Жизнь не баловала Степана Никитича, но он всегда был весел. Только уж очень большая беда могла погасить его шутки.

С гражданской войны он вернулся без правой руки. Вместо нее из рукава торчал железный крюк, которым Степан Никитич во время работы придерживал линейку. И это тоже было поводом для шутки.
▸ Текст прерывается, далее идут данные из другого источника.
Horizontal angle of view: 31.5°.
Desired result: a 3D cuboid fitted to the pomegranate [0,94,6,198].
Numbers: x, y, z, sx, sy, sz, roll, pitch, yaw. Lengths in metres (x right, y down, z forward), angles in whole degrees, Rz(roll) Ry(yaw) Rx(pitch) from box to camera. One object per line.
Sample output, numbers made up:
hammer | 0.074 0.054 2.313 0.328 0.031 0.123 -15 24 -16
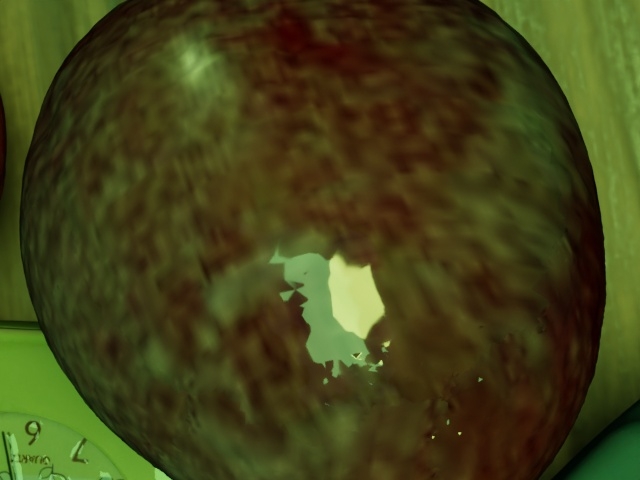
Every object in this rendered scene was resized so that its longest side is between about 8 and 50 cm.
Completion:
pomegranate | -0.270 -0.048 0.515 0.256 0.221 0.221 3 89 41

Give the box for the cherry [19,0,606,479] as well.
cherry | 0.000 0.000 0.460 0.230 0.203 0.300 -5 46 -22

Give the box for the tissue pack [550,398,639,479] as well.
tissue pack | 0.208 0.133 0.437 0.287 0.206 0.198 -29 62 -16

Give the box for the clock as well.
clock | -0.143 0.156 0.564 0.170 0.069 0.232 3 91 6
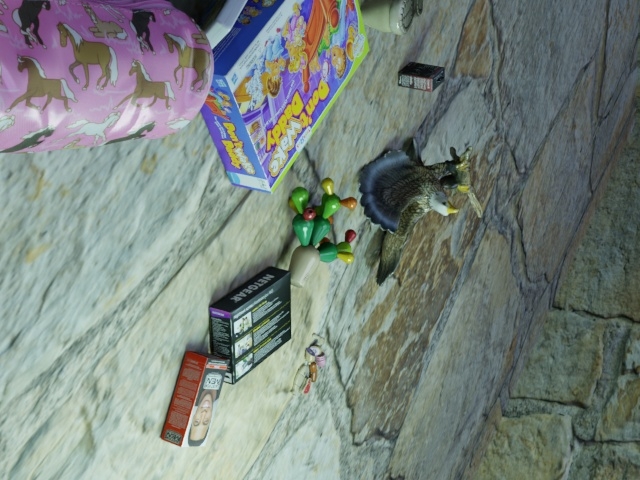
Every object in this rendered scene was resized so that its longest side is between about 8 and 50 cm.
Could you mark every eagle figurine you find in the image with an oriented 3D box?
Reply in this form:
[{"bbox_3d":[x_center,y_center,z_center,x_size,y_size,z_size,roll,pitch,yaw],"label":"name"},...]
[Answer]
[{"bbox_3d":[0.187,-0.079,1.940,0.298,0.225,0.226,-31,91,-15],"label":"eagle figurine"}]

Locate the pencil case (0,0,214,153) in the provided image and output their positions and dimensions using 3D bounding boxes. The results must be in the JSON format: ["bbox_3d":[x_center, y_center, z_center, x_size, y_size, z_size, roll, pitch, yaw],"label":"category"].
[{"bbox_3d":[-0.278,-0.183,1.010,0.386,0.167,0.160,-13,73,-60],"label":"pencil case"}]

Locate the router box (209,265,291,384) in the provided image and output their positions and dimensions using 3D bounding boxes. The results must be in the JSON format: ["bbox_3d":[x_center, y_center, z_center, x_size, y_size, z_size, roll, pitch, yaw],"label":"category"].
[{"bbox_3d":[-0.111,0.137,1.583,0.179,0.046,0.133,-34,131,-53],"label":"router box"}]

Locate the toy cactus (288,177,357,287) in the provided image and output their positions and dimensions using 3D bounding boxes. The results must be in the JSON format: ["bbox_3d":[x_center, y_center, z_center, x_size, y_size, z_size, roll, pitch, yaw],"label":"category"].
[{"bbox_3d":[0.000,0.000,1.667,0.180,0.112,0.219,-66,156,-18],"label":"toy cactus"}]

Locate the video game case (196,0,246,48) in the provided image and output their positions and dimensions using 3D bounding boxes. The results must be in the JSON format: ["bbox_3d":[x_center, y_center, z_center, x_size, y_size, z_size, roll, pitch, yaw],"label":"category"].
[{"bbox_3d":[-0.118,-0.307,1.229,0.023,0.212,0.193,33,67,-17],"label":"video game case"}]

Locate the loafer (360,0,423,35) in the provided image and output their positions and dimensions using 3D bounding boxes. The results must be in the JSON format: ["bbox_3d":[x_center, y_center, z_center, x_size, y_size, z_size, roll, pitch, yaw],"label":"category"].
[{"bbox_3d":[0.133,-0.443,1.726,0.268,0.092,0.101,-60,157,-60],"label":"loafer"}]

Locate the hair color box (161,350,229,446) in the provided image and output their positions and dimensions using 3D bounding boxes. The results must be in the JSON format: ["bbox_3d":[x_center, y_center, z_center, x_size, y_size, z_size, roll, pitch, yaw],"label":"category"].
[{"bbox_3d":[-0.193,0.245,1.485,0.072,0.043,0.141,20,85,-63],"label":"hair color box"}]

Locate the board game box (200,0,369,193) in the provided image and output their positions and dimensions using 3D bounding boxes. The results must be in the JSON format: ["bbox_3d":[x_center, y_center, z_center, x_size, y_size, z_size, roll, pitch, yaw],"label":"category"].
[{"bbox_3d":[-0.053,-0.278,1.462,0.347,0.078,0.233,-58,148,-30],"label":"board game box"}]

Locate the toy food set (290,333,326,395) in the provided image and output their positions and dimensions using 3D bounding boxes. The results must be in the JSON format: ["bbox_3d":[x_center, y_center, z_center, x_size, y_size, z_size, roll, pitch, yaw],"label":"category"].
[{"bbox_3d":[-0.015,0.244,1.840,0.078,0.019,0.122,38,69,-60],"label":"toy food set"}]

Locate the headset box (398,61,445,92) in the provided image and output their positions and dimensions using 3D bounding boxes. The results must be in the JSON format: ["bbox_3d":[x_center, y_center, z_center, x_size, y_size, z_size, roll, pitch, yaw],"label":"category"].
[{"bbox_3d":[0.205,-0.326,1.915,0.062,0.083,0.032,-44,140,-44],"label":"headset box"}]
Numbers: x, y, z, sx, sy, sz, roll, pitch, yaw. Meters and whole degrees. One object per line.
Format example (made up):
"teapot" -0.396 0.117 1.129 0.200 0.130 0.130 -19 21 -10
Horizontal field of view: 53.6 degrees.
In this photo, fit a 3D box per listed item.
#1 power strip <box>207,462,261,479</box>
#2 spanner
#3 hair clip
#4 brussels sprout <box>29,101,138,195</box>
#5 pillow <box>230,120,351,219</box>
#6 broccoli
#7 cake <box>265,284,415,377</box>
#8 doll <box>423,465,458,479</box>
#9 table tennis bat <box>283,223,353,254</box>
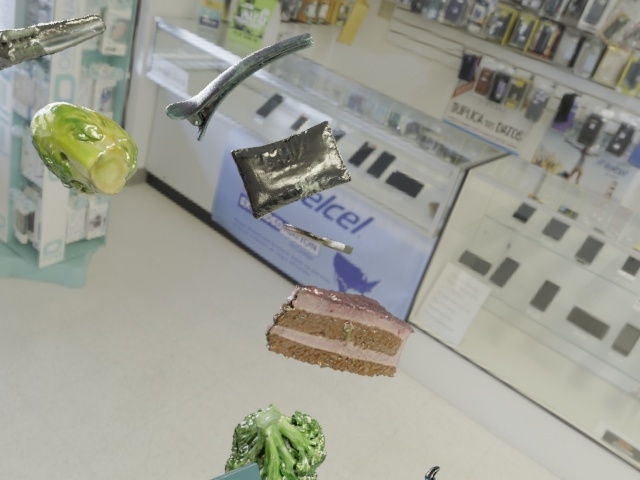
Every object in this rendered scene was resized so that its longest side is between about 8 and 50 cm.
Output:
"power strip" -0.159 0.456 1.176 0.123 0.032 0.056 -1 69 -52
"spanner" -0.319 -0.116 0.470 0.325 0.026 0.093 -19 22 -7
"hair clip" -0.131 -0.265 1.050 0.083 0.275 0.048 41 28 -38
"brussels sprout" -0.461 -0.183 1.240 0.223 0.223 0.161 27 64 18
"pillow" -0.055 -0.139 1.229 0.208 0.141 0.055 -20 -2 -12
"broccoli" -0.131 0.592 1.810 0.307 0.275 0.308 -11 30 6
"cake" 0.024 0.136 1.001 0.112 0.116 0.295 37 9 40
"doll" 0.113 0.456 0.980 0.313 0.141 0.177 -7 63 -14
"table tennis bat" 0.000 0.000 1.379 0.130 0.019 0.220 23 -3 -34
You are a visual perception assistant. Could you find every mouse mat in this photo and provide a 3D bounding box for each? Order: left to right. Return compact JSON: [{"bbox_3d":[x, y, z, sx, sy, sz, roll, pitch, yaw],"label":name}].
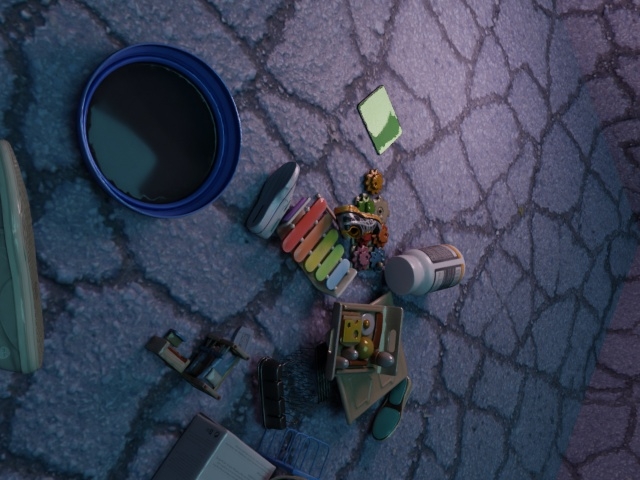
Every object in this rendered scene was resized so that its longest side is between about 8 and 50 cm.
[{"bbox_3d":[0.200,-0.398,1.780,0.152,0.007,0.190,-45,122,-30],"label":"mouse mat"}]

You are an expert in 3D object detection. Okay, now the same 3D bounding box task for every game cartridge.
[{"bbox_3d":[-0.215,0.276,1.458,0.056,0.017,0.083,32,72,-42],"label":"game cartridge"}]

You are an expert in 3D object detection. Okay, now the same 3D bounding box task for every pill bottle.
[{"bbox_3d":[0.361,0.103,1.862,0.278,0.162,0.162,-7,98,-41],"label":"pill bottle"}]

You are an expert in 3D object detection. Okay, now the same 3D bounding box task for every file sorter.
[{"bbox_3d":[-0.076,0.590,1.508,0.118,0.170,0.104,40,64,-37],"label":"file sorter"}]

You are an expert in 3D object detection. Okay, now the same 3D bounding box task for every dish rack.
[{"bbox_3d":[-0.063,0.409,1.560,0.271,0.074,0.208,-15,105,-53],"label":"dish rack"}]

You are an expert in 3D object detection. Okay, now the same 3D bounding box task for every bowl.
[{"bbox_3d":[-0.364,-0.248,1.240,0.391,0.077,0.391,-5,97,-42],"label":"bowl"}]

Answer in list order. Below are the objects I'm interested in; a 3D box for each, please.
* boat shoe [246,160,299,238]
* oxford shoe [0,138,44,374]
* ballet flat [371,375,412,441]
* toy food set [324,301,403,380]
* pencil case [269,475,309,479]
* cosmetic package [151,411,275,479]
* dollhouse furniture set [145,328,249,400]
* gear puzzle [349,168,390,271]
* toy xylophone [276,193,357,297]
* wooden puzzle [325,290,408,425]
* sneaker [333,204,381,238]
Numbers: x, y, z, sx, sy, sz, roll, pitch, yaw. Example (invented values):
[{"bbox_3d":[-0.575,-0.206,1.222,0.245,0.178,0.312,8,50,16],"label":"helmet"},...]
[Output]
[{"bbox_3d":[-0.121,-0.110,1.479,0.226,0.083,0.076,-56,138,-9],"label":"boat shoe"},{"bbox_3d":[-0.605,0.037,1.006,0.130,0.169,0.449,-3,96,-20],"label":"oxford shoe"},{"bbox_3d":[0.255,0.587,1.868,0.086,0.086,0.248,47,63,-34],"label":"ballet flat"},{"bbox_3d":[0.139,0.303,1.617,0.306,0.092,0.220,12,83,-46],"label":"toy food set"},{"bbox_3d":[-0.035,0.748,1.463,0.410,0.183,0.160,67,39,-57],"label":"pencil case"},{"bbox_3d":[-0.312,0.656,1.312,0.385,0.156,0.217,-53,124,-24],"label":"cosmetic package"},{"bbox_3d":[-0.295,0.273,1.309,0.129,0.129,0.184,-54,125,-25],"label":"dollhouse furniture set"},{"bbox_3d":[0.178,-0.065,1.761,0.175,0.044,0.339,5,90,-42],"label":"gear puzzle"},{"bbox_3d":[0.000,0.000,1.583,0.323,0.081,0.236,48,62,-34],"label":"toy xylophone"},{"bbox_3d":[0.145,0.371,1.752,0.348,0.080,0.322,-28,112,-42],"label":"wooden puzzle"},{"bbox_3d":[0.113,-0.042,1.625,0.215,0.084,0.083,16,63,-47],"label":"sneaker"}]
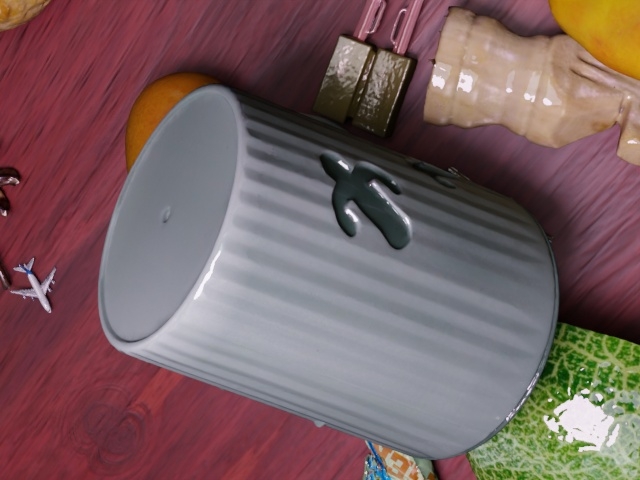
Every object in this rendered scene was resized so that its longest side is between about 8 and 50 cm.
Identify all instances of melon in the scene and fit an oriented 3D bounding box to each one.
[{"bbox_3d":[0.321,0.236,0.980,0.343,0.226,0.331,25,125,-5],"label":"melon"}]

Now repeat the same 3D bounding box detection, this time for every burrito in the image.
[{"bbox_3d":[0.096,0.302,1.124,0.104,0.054,0.288,-23,95,20],"label":"burrito"}]

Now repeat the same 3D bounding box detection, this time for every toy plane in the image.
[{"bbox_3d":[-0.417,0.068,1.238,0.078,0.024,0.084,-28,102,4],"label":"toy plane"}]

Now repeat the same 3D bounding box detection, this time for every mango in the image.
[{"bbox_3d":[-0.161,-0.086,1.073,0.175,0.139,0.255,12,114,29],"label":"mango"}]

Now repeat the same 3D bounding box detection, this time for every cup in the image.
[{"bbox_3d":[-0.010,0.023,0.896,0.392,0.401,0.310,23,95,-33],"label":"cup"}]

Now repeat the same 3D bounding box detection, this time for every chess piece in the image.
[{"bbox_3d":[0.272,-0.168,0.943,0.300,0.137,0.137,13,105,9],"label":"chess piece"}]

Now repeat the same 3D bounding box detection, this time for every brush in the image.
[{"bbox_3d":[0.075,-0.249,1.015,0.103,0.047,0.233,23,106,10],"label":"brush"}]

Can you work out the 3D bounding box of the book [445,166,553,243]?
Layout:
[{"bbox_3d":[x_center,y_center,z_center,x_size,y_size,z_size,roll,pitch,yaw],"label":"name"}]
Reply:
[{"bbox_3d":[0.161,0.044,1.065,0.157,0.026,0.231,35,109,6],"label":"book"}]

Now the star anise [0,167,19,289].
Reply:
[{"bbox_3d":[-0.525,-0.052,1.217,0.177,0.073,0.234,10,102,-2],"label":"star anise"}]

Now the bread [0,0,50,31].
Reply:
[{"bbox_3d":[-0.462,-0.360,1.069,0.244,0.134,0.244,17,146,12],"label":"bread"}]

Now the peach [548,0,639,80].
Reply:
[{"bbox_3d":[0.385,-0.295,0.805,0.308,0.289,0.289,-19,97,-15],"label":"peach"}]

— Дюже я не пришелся по характеру барону Врангелю, — рассказывал он. — Донесла ему разведка, что так, мол, и так, на этом участке фронта сражается знаменитый разметчик листопрокатного цеха, сильно злой на белую армию, житья ей не дает. Как пойдет, значит, этот Иващенко в разведку, так белая армия какого-нибудь офицера не досчитается. Рассердился Врангель и отдал приказ: «Немедленно отправить Иващенко на тот свет или, по крайней мере, искалечить, чтобы ни стрелять, ни работать не мог». Пришла тут армия Врангеля в движение. Засекли, значит, меня, и из двенадцатидюймовки ка-ак грохнут. А я в это время как раз завтракал. Вдруг ка-ак саданет меня!.. Очухался я, смотрю — ни котелка, ни правой руки… Руку, конечно, жалко: какая ни есть рука, все же своя, родная. Ну, думаю, не в правой руке счастье, обойдусь и без нее. Плохо у Врангеля стратегия была разработана и со мной тоже просчет сильный получился. Не знал, дурень он, что я левша. У меня ж главная не правая рука, а левая. Так что подлечился я малость в госпитале — и снова на фронт. Воевать не бросил и работать тоже, как видите, хуже не стал.